INFORMATION SHOWN:
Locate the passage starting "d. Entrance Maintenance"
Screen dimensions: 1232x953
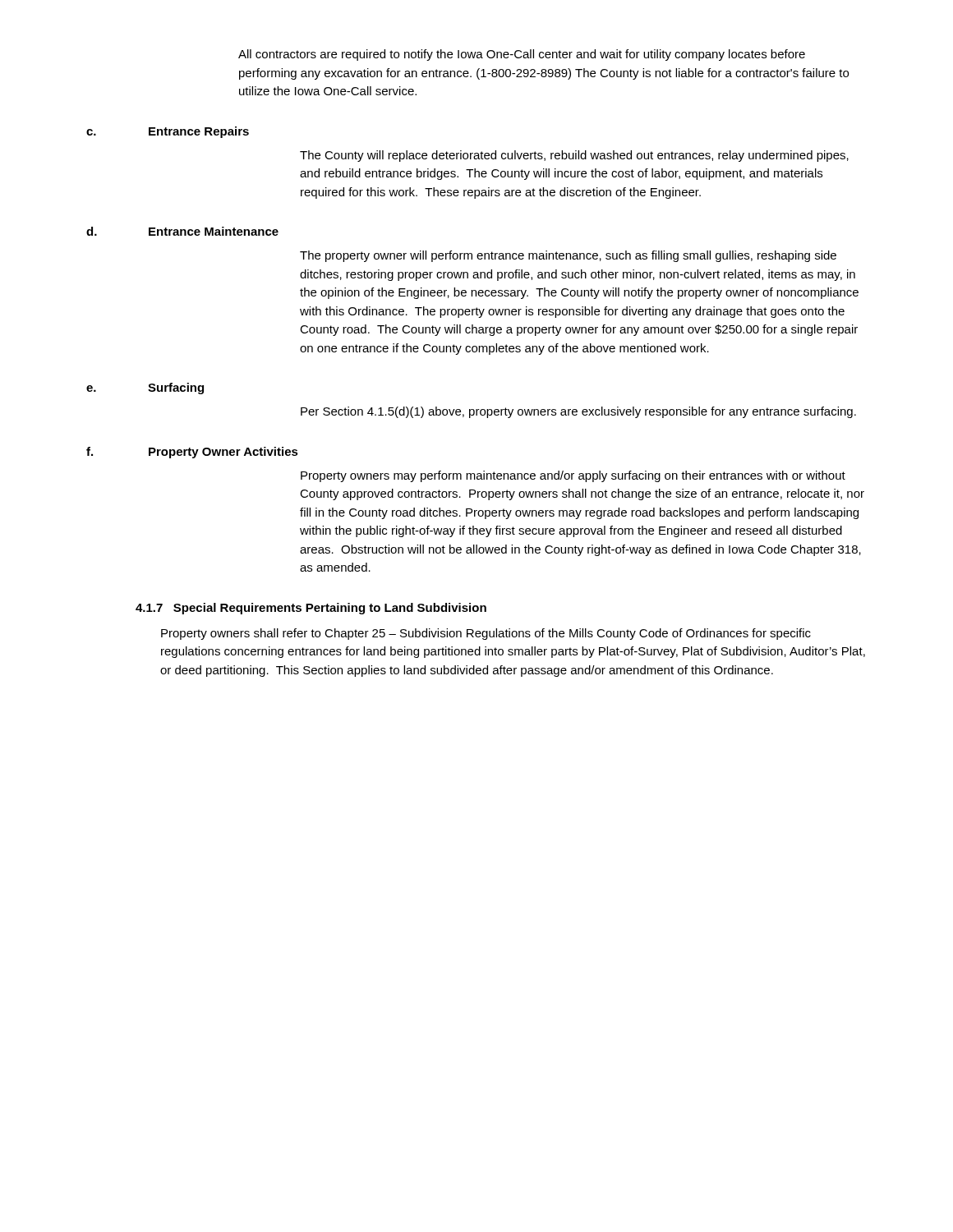click(182, 231)
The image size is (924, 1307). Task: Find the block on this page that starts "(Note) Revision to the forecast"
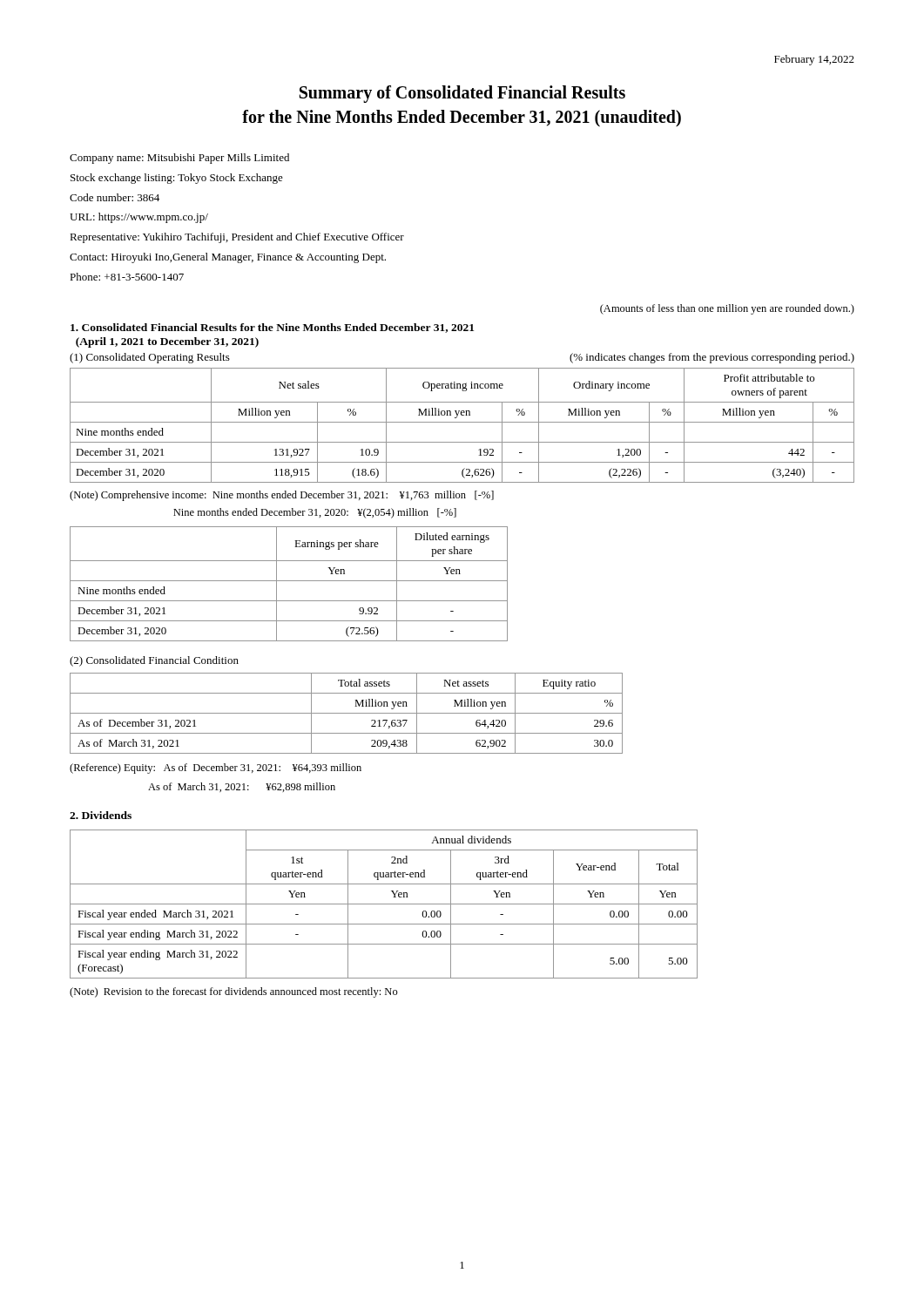pos(234,991)

YOUR GOAL: Going from the line with "The image size" to the last line of the listing, write out each line exactly and nothing else. Leave out all pictures.

SOLUTION FOR THIS PROBLEM:
The image size is (924, 1307). Task: Find the block on this page that starts "(Note) Revision to the forecast"
pos(234,991)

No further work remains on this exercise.